▸ What is being asked: From the first line of the entries down to the line with "doc.units = ezdxf.units.CM", write out every line exactly; that last line counts, but pictures do not.

Data entries:

§

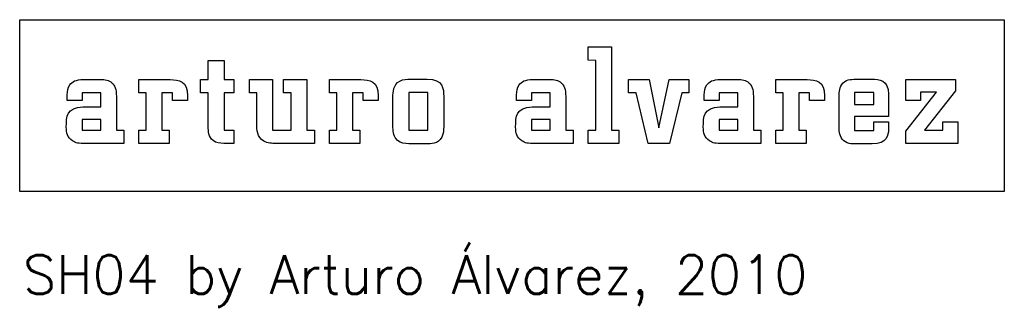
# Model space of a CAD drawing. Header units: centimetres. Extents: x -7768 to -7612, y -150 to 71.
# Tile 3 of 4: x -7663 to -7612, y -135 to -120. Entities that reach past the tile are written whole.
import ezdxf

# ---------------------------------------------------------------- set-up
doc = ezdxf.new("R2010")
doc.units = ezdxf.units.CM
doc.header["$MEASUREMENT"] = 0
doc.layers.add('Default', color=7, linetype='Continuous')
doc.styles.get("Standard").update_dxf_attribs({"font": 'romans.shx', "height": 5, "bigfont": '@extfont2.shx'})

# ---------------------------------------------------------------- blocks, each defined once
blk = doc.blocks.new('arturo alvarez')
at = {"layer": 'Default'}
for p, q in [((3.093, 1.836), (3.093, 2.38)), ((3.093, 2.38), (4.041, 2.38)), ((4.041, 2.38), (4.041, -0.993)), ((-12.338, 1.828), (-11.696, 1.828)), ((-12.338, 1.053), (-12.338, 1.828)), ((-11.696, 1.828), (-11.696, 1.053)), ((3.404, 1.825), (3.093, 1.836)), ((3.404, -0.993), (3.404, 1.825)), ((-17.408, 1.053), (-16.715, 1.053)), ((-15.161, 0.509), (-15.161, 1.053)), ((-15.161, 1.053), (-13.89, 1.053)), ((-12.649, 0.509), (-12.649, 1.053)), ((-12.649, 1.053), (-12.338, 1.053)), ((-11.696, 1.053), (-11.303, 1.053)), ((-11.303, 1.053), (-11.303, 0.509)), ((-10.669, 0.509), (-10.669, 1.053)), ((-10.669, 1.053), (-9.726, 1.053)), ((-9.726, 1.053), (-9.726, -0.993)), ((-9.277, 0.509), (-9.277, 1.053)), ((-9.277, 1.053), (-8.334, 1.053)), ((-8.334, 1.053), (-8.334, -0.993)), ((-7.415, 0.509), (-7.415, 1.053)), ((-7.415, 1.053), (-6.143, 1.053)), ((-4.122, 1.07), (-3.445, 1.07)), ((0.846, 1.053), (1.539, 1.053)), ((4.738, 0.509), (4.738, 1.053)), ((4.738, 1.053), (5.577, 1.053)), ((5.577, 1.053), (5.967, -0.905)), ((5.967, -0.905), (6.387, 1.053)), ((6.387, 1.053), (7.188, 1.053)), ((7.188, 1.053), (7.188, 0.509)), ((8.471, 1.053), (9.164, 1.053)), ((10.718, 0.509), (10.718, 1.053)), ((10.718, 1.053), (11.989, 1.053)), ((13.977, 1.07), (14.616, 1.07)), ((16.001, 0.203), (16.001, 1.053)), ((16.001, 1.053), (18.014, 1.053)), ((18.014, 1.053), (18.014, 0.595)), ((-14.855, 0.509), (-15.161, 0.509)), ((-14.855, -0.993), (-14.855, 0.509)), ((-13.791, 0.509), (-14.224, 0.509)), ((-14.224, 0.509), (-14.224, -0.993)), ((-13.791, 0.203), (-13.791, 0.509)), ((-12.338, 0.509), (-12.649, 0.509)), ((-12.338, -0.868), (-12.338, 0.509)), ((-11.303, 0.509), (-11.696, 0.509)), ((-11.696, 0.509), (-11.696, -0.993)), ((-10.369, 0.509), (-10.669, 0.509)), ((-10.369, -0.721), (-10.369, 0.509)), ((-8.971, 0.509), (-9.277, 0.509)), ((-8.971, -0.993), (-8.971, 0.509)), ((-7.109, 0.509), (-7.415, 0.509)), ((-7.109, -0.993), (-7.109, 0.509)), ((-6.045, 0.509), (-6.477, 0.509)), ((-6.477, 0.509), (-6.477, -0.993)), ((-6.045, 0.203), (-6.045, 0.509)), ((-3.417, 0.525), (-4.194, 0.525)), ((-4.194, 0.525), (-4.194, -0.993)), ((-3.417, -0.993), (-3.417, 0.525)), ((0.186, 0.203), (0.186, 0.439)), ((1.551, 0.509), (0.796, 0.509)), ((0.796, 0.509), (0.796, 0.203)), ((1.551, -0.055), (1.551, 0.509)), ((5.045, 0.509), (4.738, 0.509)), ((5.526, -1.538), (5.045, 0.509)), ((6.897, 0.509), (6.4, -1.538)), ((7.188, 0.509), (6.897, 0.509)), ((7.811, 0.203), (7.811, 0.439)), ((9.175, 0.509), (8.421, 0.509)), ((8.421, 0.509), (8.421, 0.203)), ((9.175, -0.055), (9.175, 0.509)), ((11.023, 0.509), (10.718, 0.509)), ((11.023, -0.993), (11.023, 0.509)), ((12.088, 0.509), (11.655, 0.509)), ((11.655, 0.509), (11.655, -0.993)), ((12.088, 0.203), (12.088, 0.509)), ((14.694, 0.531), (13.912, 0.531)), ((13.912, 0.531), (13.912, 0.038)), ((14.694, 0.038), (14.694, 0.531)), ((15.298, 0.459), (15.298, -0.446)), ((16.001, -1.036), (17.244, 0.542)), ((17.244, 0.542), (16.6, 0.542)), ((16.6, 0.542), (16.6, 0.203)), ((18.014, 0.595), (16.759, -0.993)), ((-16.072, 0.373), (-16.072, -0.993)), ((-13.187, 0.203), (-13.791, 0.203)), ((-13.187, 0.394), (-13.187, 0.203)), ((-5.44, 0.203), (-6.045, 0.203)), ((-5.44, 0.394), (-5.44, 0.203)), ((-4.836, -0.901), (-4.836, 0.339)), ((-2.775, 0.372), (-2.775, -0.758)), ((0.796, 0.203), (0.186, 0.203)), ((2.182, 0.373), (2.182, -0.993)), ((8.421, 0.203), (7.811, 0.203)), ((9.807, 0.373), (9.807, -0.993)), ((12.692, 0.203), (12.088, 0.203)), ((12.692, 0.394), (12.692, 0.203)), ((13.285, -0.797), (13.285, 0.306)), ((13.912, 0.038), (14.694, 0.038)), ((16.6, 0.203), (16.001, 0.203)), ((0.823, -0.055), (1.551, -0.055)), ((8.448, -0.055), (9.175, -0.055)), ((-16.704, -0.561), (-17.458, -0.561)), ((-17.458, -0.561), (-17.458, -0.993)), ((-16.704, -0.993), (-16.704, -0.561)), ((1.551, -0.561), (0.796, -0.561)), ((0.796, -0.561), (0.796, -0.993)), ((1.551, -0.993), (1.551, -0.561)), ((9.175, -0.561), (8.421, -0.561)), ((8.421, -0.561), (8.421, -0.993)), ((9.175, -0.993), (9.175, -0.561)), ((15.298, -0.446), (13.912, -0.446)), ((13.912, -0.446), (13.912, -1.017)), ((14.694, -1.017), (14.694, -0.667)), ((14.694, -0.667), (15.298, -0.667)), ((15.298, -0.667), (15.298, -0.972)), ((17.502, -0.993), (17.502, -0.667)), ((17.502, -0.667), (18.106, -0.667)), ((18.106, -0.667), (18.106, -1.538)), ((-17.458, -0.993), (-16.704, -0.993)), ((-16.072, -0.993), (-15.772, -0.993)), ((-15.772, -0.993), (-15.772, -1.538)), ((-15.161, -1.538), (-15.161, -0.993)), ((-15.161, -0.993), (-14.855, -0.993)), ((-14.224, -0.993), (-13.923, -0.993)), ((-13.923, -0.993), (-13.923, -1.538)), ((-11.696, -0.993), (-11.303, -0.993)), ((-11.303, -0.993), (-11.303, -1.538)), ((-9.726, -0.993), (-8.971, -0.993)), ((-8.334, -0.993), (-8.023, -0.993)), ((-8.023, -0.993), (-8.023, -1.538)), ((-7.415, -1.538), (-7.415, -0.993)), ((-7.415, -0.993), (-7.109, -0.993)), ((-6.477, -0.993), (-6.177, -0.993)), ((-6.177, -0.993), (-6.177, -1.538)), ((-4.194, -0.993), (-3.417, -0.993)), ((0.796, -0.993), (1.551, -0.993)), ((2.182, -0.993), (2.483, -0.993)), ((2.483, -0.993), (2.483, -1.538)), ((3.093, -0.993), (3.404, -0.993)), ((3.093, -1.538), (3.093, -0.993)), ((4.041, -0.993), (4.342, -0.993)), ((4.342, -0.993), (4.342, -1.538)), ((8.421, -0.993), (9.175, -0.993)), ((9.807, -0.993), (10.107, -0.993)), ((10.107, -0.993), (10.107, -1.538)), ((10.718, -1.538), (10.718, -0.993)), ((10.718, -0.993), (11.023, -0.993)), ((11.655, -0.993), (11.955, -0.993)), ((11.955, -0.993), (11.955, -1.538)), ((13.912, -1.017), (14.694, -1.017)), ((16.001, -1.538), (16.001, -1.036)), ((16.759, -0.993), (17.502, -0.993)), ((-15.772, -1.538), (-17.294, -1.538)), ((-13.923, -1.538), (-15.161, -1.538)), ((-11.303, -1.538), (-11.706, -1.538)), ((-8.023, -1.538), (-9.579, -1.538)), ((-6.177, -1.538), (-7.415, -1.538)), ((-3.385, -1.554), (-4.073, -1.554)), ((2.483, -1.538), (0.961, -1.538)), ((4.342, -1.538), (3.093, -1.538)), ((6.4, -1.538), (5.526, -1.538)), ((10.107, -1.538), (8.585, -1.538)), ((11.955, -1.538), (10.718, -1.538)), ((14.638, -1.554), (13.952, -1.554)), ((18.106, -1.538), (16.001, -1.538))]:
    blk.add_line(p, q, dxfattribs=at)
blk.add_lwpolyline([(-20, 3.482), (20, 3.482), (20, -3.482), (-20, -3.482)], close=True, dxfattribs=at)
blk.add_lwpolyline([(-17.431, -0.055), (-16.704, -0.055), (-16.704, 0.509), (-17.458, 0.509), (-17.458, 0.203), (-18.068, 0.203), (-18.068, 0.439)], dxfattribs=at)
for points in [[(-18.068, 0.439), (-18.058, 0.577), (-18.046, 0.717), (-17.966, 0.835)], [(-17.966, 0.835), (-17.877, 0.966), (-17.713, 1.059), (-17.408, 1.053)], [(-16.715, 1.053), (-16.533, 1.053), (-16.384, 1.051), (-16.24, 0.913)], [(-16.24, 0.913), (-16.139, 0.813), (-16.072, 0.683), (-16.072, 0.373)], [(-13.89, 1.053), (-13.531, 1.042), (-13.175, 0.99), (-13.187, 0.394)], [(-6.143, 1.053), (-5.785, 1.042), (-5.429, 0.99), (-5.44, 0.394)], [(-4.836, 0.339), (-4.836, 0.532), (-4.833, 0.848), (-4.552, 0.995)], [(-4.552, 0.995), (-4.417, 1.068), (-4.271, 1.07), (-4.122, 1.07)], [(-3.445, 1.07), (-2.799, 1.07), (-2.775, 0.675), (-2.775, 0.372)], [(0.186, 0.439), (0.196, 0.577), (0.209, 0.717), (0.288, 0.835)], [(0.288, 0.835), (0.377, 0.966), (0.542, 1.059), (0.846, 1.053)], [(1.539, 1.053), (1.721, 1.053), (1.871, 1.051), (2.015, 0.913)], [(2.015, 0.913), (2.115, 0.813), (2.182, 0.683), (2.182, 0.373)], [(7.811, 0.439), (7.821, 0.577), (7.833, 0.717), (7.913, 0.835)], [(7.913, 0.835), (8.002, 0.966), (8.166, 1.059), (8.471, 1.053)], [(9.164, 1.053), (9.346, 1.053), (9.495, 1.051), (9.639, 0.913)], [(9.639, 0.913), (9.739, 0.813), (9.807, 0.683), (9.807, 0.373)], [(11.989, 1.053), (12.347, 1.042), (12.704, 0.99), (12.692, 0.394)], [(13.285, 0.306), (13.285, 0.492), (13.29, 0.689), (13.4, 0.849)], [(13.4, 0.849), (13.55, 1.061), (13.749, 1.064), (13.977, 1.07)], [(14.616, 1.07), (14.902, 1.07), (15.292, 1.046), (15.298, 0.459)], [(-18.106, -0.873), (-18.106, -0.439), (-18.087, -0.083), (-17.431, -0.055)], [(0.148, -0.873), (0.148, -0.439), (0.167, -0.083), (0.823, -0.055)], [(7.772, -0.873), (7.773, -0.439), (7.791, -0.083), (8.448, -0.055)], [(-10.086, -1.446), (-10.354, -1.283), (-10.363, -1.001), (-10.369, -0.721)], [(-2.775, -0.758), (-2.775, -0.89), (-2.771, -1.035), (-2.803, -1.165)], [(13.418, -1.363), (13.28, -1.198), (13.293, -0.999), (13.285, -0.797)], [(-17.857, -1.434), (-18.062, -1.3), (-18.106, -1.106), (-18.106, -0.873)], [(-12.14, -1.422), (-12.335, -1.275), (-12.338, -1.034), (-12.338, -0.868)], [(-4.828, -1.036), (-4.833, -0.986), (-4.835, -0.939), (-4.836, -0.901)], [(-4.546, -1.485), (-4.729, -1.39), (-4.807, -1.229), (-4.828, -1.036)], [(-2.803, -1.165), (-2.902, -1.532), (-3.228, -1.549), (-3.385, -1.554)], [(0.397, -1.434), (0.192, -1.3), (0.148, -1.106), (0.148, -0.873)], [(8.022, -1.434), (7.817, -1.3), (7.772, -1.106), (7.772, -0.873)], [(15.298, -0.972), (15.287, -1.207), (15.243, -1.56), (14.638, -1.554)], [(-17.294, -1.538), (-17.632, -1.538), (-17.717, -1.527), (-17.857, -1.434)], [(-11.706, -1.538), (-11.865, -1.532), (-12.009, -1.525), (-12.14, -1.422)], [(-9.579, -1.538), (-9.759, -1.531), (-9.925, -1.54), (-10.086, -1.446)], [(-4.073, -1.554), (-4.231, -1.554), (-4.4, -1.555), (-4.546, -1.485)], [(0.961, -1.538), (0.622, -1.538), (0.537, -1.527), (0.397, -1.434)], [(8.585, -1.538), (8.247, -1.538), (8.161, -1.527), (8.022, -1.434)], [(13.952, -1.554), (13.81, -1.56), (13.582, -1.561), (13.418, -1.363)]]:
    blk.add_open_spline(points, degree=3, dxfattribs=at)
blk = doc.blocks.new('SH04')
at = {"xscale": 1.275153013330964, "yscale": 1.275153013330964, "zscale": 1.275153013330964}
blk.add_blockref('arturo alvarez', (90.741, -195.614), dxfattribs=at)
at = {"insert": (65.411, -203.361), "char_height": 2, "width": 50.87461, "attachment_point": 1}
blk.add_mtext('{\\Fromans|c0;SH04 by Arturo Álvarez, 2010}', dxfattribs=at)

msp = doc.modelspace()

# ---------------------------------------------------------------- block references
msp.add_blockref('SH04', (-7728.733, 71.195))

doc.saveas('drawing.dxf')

§

▸ Answer space:
# Model space of a CAD drawing. Header units: centimetres. Extents: x -7768 to -7612, y -150 to 71.
# Tile 3 of 4: x -7663 to -7612, y -135 to -120. Entities that reach past the tile are written whole.
import ezdxf

# ---------------------------------------------------------------- set-up
doc = ezdxf.new("R2010")
doc.units = ezdxf.units.CM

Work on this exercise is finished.